Marinapamies
Add a review FollowOverview
-
Founded Date July 18, 1971
-
Sectors Beekeeping
-
Posted Jobs 0
-
Viewed 5
Company Description
DeepSeek’s First-generation Reasoning Models
DeepSeek’s first-generation reasoning models, attaining performance comparable to OpenAI-o1 across mathematics, code, and thinking tasks.
Models
DeepSeek-R1
Distilled designs
DeepSeek team has actually shown that the reasoning patterns of bigger designs can be distilled into smaller designs, resulting in much better efficiency compared to the reasoning patterns discovered through RL on small designs.
Below are the designs created via fine-tuning versus numerous thick designs widely used in the research study community using reasoning information generated by DeepSeek-R1. The evaluation results demonstrate that the distilled smaller thick models carry out well on benchmarks.

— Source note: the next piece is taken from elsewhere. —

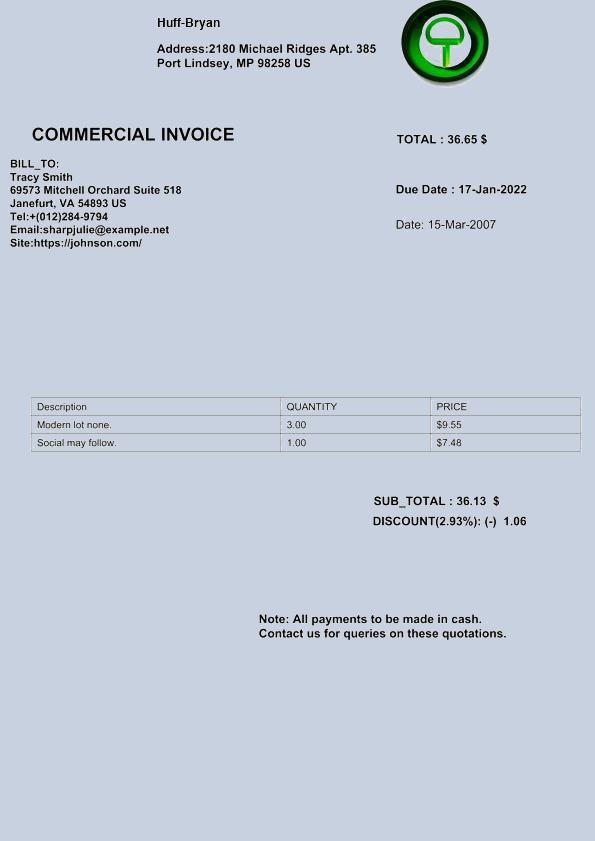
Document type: Invoice

DeepSeek-R1-Distill-Qwen-1.5 B
DeepSeek-R1-Distill-Qwen-7B
DeepSeek-R1-Distill-Llama-8B
DeepSeek-R1-Distill-Qwen-14B
DeepSeek-R1-Distill-Qwen-32B
DeepSeek-R1-Distill-Llama-70B
License
The design weights are certified under the MIT License. DeepSeek-R1 series support commercial use, enable for any modifications and derivative works, consisting of, but not restricted to, distillation for training other LLMs.